Logistic Regression From Scratch — What It Actually Does (Without Skipping the Thinking)

Why I'm Writing This

I've used Logistic Regression many times through libraries, but I realized that using a model and understanding a model are very different things.

This post is my attempt to explain Logistic Regression from first principles—focusing on why it exists and how it works internally, not just how to call it from sklearn.

The Real Problem Logistic Regression Solves

The problem is not classification.

The real problem is:

How do we express confidence when the outcome is binary?

In many real-world systems (spam detection, fraud detection, medical risk scoring), we don't just want a class label. We want to know how confident the model is.

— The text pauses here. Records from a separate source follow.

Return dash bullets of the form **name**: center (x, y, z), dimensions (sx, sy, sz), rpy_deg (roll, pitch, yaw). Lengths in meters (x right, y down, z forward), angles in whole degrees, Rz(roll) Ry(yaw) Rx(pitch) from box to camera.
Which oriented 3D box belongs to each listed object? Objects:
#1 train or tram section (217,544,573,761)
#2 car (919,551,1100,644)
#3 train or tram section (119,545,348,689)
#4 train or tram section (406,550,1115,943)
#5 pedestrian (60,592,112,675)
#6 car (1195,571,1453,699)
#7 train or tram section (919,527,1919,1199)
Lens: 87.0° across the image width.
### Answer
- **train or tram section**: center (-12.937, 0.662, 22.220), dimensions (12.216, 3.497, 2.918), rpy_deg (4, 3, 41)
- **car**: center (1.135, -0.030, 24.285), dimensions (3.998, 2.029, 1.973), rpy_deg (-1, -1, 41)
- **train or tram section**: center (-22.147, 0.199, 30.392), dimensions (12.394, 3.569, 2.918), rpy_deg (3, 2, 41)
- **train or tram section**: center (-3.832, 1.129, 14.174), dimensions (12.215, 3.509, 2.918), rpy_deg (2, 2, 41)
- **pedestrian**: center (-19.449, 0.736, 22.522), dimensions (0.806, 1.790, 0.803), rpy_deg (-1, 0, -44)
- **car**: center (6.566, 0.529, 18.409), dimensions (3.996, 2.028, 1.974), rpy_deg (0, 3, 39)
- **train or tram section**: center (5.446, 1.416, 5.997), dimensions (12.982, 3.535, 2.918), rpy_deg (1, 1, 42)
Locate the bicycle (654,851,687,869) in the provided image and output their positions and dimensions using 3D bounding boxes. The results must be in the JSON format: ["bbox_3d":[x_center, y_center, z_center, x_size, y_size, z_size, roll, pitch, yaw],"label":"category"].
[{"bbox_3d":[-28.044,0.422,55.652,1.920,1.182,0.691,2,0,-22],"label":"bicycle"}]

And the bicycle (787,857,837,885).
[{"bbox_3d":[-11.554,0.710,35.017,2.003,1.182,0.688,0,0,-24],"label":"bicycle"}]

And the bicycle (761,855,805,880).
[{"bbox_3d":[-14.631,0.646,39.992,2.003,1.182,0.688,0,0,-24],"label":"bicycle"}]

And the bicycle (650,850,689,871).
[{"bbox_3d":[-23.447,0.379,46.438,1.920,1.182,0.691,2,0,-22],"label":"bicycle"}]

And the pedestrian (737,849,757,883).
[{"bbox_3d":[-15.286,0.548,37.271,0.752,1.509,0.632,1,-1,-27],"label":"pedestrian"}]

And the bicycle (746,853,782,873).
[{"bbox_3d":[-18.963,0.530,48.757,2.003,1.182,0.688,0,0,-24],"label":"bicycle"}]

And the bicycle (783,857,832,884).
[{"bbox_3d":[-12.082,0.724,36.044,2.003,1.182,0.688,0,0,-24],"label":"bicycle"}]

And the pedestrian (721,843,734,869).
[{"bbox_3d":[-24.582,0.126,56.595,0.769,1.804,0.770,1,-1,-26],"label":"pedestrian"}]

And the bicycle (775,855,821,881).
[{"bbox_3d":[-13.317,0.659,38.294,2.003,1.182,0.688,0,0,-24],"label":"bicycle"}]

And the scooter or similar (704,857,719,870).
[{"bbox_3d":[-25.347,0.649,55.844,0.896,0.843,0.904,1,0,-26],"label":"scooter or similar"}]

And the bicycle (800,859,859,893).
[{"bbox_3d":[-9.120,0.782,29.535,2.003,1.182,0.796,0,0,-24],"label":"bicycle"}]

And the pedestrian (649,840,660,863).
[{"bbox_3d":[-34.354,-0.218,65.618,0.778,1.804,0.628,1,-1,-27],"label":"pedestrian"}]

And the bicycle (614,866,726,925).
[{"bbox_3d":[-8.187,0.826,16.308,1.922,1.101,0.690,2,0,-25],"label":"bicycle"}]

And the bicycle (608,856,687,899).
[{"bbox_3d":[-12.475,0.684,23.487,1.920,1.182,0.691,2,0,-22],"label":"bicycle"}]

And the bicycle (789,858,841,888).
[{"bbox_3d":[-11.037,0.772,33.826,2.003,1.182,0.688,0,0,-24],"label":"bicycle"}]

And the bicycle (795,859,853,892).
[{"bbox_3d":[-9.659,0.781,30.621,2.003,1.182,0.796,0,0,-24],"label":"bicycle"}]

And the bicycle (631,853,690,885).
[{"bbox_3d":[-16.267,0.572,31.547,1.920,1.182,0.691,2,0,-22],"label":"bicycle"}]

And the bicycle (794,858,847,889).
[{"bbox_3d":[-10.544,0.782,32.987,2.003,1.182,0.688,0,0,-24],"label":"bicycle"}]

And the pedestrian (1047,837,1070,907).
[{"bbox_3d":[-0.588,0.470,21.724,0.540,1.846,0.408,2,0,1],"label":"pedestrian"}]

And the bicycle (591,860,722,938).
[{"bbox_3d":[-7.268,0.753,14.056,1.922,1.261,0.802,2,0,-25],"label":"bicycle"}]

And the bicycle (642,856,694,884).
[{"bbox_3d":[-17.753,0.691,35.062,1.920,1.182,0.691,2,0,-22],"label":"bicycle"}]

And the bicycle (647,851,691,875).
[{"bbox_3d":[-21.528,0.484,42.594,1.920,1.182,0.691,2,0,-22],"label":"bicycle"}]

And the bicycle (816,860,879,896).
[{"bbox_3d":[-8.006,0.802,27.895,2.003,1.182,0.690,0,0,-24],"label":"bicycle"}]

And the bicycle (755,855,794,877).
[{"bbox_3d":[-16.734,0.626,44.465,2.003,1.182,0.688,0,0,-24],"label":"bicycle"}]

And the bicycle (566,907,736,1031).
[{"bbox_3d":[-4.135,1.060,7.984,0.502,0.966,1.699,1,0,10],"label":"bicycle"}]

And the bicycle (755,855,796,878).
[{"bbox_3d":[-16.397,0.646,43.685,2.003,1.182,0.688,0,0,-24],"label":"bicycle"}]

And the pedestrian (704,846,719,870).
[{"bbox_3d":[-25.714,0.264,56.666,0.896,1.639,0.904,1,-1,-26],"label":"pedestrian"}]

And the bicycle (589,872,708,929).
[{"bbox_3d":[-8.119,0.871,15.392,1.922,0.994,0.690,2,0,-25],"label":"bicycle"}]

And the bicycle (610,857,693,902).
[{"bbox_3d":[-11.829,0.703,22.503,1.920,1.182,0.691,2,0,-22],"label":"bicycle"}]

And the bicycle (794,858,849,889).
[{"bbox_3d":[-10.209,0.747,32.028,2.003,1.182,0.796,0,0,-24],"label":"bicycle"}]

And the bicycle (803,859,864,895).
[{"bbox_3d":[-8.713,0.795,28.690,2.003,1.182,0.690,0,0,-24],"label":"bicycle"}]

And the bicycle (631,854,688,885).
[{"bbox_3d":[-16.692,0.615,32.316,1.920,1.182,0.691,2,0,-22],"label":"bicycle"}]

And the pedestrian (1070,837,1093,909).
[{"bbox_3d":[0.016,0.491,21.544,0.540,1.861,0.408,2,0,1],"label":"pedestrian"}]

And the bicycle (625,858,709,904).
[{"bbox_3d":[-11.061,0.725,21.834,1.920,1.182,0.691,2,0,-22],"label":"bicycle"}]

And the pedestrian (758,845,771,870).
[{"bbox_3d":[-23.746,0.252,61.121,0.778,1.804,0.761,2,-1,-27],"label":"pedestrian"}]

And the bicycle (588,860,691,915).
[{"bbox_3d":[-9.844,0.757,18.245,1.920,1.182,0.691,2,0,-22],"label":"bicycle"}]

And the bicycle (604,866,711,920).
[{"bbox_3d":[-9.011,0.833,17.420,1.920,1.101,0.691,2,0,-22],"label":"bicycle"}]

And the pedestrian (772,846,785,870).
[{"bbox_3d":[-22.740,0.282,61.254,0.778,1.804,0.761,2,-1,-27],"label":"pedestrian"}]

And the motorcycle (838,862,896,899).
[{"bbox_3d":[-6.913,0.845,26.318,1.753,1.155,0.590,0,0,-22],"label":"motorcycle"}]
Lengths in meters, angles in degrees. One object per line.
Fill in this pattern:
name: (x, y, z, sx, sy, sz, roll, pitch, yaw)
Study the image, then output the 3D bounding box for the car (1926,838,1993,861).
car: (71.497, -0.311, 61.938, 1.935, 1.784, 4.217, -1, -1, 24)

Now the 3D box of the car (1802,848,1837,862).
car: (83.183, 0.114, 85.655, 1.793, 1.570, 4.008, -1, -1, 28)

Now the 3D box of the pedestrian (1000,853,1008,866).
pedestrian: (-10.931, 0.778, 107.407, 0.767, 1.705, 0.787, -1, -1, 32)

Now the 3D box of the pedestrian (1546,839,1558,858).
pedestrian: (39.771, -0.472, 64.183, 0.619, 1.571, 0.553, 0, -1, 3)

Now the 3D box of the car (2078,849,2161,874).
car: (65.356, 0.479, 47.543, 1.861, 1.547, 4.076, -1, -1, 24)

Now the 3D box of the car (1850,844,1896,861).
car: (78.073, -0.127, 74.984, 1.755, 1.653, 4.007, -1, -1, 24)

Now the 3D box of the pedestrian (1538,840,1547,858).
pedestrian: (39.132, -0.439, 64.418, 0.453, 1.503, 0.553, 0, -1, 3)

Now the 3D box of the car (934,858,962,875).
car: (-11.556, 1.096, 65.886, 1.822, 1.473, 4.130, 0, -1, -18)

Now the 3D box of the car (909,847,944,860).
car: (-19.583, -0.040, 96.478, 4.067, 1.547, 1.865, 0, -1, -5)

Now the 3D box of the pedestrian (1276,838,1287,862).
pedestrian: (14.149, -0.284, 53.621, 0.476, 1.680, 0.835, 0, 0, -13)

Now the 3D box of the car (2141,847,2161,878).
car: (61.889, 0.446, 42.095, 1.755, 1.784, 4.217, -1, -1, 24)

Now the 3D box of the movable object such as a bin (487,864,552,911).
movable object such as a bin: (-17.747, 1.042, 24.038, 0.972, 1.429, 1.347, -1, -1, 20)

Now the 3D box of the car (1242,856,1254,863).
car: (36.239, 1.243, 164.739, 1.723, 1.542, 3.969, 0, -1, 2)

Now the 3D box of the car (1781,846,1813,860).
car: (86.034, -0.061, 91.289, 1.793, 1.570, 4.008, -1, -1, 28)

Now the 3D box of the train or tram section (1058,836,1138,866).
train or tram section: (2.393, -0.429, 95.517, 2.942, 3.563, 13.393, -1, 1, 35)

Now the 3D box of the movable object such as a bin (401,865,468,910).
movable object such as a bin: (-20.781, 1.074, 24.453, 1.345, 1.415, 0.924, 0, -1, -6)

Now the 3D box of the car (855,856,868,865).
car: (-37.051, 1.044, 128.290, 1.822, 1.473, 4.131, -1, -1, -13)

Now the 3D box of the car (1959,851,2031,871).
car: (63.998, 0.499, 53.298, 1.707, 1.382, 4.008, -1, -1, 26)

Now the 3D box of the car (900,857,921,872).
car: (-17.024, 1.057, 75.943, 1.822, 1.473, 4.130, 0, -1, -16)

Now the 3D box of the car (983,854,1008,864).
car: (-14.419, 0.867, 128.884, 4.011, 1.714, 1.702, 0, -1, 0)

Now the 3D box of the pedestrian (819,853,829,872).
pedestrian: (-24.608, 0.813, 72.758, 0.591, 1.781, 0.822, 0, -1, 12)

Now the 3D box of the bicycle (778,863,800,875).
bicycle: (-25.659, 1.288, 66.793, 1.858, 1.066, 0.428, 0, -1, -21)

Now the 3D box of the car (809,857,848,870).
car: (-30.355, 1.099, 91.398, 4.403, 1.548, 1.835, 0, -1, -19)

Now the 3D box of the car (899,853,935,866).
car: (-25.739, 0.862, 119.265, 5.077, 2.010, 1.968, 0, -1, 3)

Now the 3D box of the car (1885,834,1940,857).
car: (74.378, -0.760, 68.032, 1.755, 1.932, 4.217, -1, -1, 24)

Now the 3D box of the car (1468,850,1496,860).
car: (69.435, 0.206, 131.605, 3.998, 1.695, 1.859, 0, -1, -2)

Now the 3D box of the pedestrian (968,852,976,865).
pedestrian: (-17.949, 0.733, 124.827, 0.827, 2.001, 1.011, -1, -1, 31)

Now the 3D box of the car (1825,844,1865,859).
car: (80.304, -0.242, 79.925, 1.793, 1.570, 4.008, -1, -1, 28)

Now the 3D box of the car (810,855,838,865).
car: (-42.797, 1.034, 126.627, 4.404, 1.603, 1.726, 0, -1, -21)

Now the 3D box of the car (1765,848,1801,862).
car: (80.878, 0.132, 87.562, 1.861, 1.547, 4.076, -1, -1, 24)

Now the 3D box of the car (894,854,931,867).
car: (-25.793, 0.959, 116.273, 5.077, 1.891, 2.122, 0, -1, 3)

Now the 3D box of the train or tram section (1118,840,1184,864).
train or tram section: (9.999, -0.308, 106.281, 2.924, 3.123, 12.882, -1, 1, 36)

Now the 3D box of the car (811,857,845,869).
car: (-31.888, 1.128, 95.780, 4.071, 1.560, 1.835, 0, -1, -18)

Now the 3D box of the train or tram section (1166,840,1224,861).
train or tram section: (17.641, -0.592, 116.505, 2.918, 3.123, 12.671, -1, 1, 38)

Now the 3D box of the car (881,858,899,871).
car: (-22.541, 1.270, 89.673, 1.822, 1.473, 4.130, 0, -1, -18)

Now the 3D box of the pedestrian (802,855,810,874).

Linear Regression fails here because:

It produces unbounded outputs
It cannot be interpreted as probability

Logistic Regression exists to fix this exact issue.

Why Linear Regression Fails for Classification

Linear Regression predicts a number like:

y = w·x + b

But for classification:

Predictions like −3 or 2.7 make no sense
There's no concept of probability
Error is measured incorrectly using squared loss

So instead of predicting a value, we need to predict a belief.

The Core Idea Behind Logistic Regression

Logistic Regression keeps the linear model, but changes how we interpret its output.

Instead of saying:

"This number is the prediction"

We say:

"This number represents confidence before converting it into probability"

That linear score is then passed through a sigmoid function, which converts any real number into a value between 0 and 1.

This final output represents:

The probability that the input belongs to class 1

Minimal Logistic Regression (From Scratch)

Below is a minimal forward pass of Logistic Regression implemented from scratch:

import numpy as np

def sigmoid(z):
    return 1 / (1 + np.exp(-z))

def logistic_forward(x, w, b):
    z = np.dot(w, x) + b
    p = sigmoid(z)
    return p

x = np.array([2.0, 3.0])
w = np.array([0.5, -0.5])
b = 0.1

probability = logistic_forward(x, w, b)
print(probability)

This small piece of code captures the entire model logic:

A linear score
A probability mapping
No magic

Why Cross-Entropy Loss Is Used

Since the model outputs a probability, using squared error is incorrect.

Instead, Logistic Regression uses log loss, which:

Rewards confident correct predictions
Heavily penalizes confident wrong predictions

This makes the model statistically sound for binary outcomes.

Where This Shows Up in Real Systems

Even today, Logistic Regression is widely used in:

Credit risk modeling
Medical diagnosis systems
Baseline classifiers for large ML pipelines
Calibration layers in deep learning systems

Understanding it deeply helps in understanding all modern ML models.